Re your discussion, “The ‘conservative’ versus the liar,” I’d rather have the liar than the “conservative.”

Romney is an ambitious man of the establishment of basically conservative mien, but no great conservative passion. This is less than optimal, but not completely unacceptable. Romney was comfortable with American society as it existed in say 1960, and lives his personal life in accord with that. He is not “hostile” to it. And as a technocrat, he is actually educable. We’ve seen that already on the idea of “self-deportation.” Someone has explained it to him in the course of the campaign, and he is intelligent enough, and understands supply and demand well enough, to understand it and has now embraced it (while Gingrich mocks it as impossible). Romney will not charge forward as I’d like, but if the issues arise, conservatives make their case, the Republicans in Congress are willing to move, he can be a positive force. For instance, it’s possible to see Romney actually coming to an understanding of what mass low-skill immigration is doing to the labor market for working class men, and how that affects their ability to be bread winners and have the sort of family life Mormons approve of and Romney signing onto serious immigration enforcement and restriction. It’s at least possible, because Romney is educable.

Gingrich is not educable, especially on any of the important issues related to the “National Question.” He’s not educable, first, because he’s already thought about everything and has his own superior ideas, but beyond that he is fully on board with white racial guilt and racial atonement and minority pandering. He honestly believes—I think—that such issues are inappropriate and that racial issues can all be “fixed” by his brilliant schemes and programs which will create incentives and outcomes that make minorities “conservative.” Gingrich is on the wrong side of the National Question, is hostile to preserving white America and its culture, and is deeply invested in his own superiority. On the most important questions of the day, he is a liberal. Rather than believing in culture or morality, he believes in his own brilliance. In some sense Gingrich is the ultimate modern man. He has no fixed standard other than himself.

- end of initial entry -


James P. writes:

Jim wrote that Romney is “educable” on the national question, and that “We’ve seen that already on the idea of ‘self-deportation.’”

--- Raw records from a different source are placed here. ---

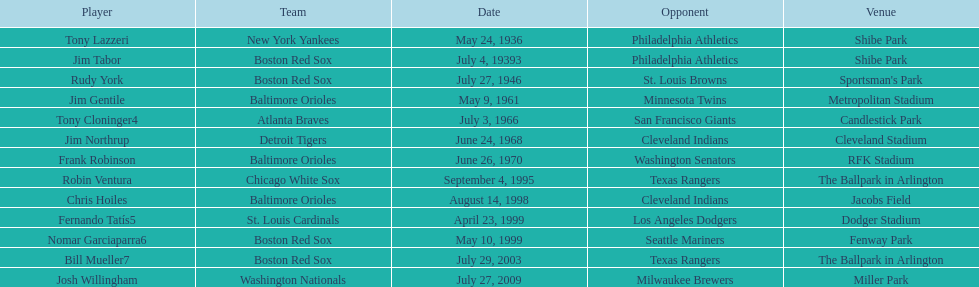Give me the full table as a dictionary. {'header': ['Player', 'Team', 'Date', 'Opponent', 'Venue'], 'rows': [['Tony Lazzeri', 'New York Yankees', 'May 24, 1936', 'Philadelphia Athletics', 'Shibe Park'], ['Jim Tabor', 'Boston Red Sox', 'July 4, 19393', 'Philadelphia Athletics', 'Shibe Park'], ['Rudy York', 'Boston Red Sox', 'July 27, 1946', 'St. Louis Browns', "Sportsman's Park"], ['Jim Gentile', 'Baltimore Orioles', 'May 9, 1961', 'Minnesota Twins', 'Metropolitan Stadium'], ['Tony Cloninger4', 'Atlanta Braves', 'July 3, 1966', 'San Francisco Giants', 'Candlestick Park'], ['Jim Northrup', 'Detroit Tigers', 'June 24, 1968', 'Cleveland Indians', 'Cleveland Stadium'], ['Frank Robinson', 'Baltimore Orioles', 'June 26, 1970', 'Washington Senators', 'RFK Stadium'], ['Robin Ventura', 'Chicago White Sox', 'September 4, 1995', 'Texas Rangers', 'The Ballpark in Arlington'], ['Chris Hoiles', 'Baltimore Orioles', 'August 14, 1998', 'Cleveland Indians', 'Jacobs Field'], ['Fernando Tatís5', 'St. Louis Cardinals', 'April 23, 1999', 'Los Angeles Dodgers', 'Dodger Stadium'], ['Nomar Garciaparra6', 'Boston Red Sox', 'May 10, 1999', 'Seattle Mariners', 'Fenway Park'], ['Bill Mueller7', 'Boston Red Sox', 'July 29, 2003', 'Texas Rangers', 'The Ballpark in Arlington'], ['Josh Willingham', 'Washington Nationals', 'July 27, 2009', 'Milwaukee Brewers', 'Miller Park']]} What was the name of the last person to accomplish this up to date? Josh Willingham. 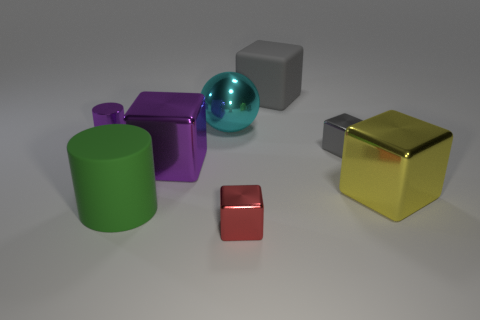Can you tell me the colors of the objects? Certainly, the cylinder is green, the cube to the right is golden with a shiny texture, the middle cube is gray, the sphere is turquoise with a reflective surface, and the small rectangular box is red. Lastly, the leftmost cube has a reflective purple surface. What can you say about the lighting in the scene? The lighting in the scene is soft and diffused, creating gentle shadows on the right side of the objects. This indicates that the light source is likely out of frame to the left. The lack of harsh shadows suggests an indoor setting with ambient lighting. 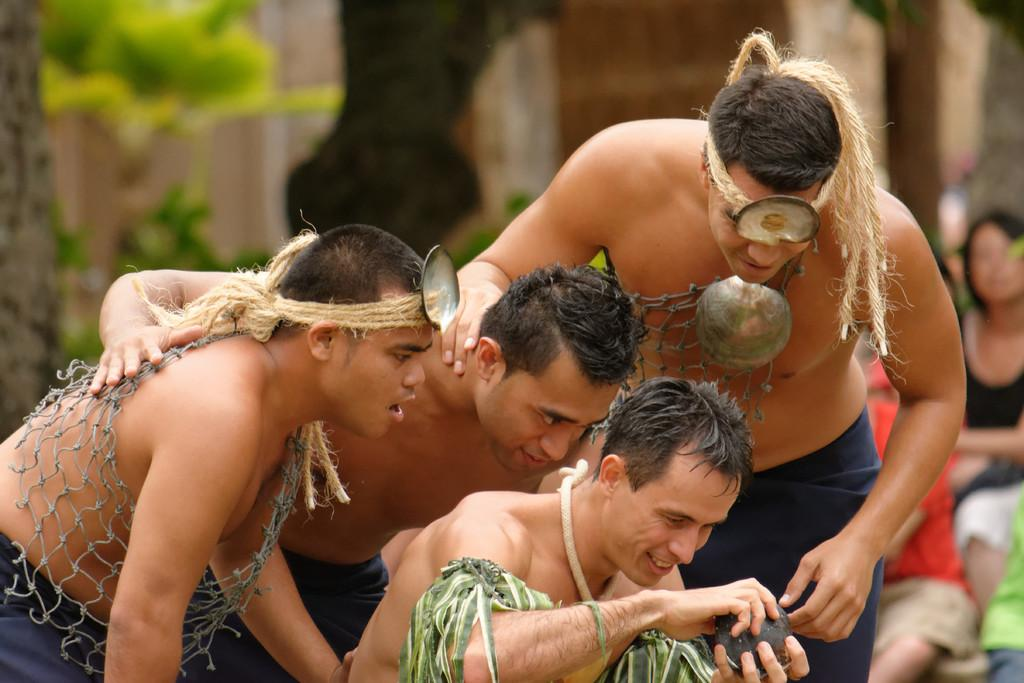How many boys are in the image? There are four boys in the image. What are the boys wearing in the image? The boys are shirtless in the image. What are the boys doing in the image? The boys are sitting down and looking at a stone in the image. Who is holding the stone in the image? The front boy is holding the stone in the image. Can you describe the background of the image? The background of the image is blurred. What type of house can be seen in the background of the image? There is no house visible in the background of the image; it is blurred. How many fingers does the boy on the right have in the image? The provided facts do not mention the number of fingers on the boys' hands, so it cannot be determined from the image. 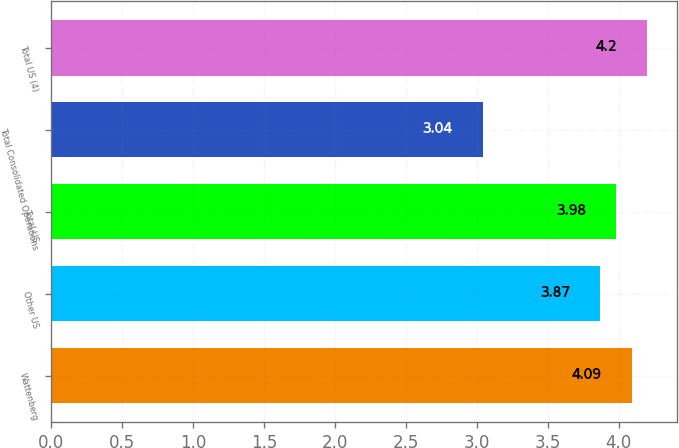<chart> <loc_0><loc_0><loc_500><loc_500><bar_chart><fcel>Wattenberg<fcel>Other US<fcel>Total US<fcel>Total Consolidated Operations<fcel>Total US (4)<nl><fcel>4.09<fcel>3.87<fcel>3.98<fcel>3.04<fcel>4.2<nl></chart>

I am not completely clear on what Romney has been “educated” to say [LA replies: Obviously, for Romney to advocate “self-deportation,” an idea that got him attacked as anti-immigrant by Gingrich, shows that he’s gone beyond the false and paralyzing “deportation versus amnesty” debate and understands that the answer is enforcement of existing laws leading to the steady disappearance of the illegal community via attrition], but it appears to me that Santorum has the best position on immigration, and even he says “we need immigration” because “we are not replacing ourselves” (January 26 debate). [LA replies: I repeat for the nth time, no one in this race, including Bachmann, has questioned our legal immigration policies; and no one in mainstream politics has questioned them in many years. The simple, brutal fact is that the continuing mass legal immigration which dooms us as a nation is not a live issue in U.S. politics now, and whoever is elected, that policy is not going to change. That is why we should focus on the things that we can reasonably hope to be changed by this election, such as Obamacare, and base our vote on that, not on an issue on which the Republicans and Democrats are in agreement, such as Muslim democratization and the wonderfulness of mass non-European immigration.]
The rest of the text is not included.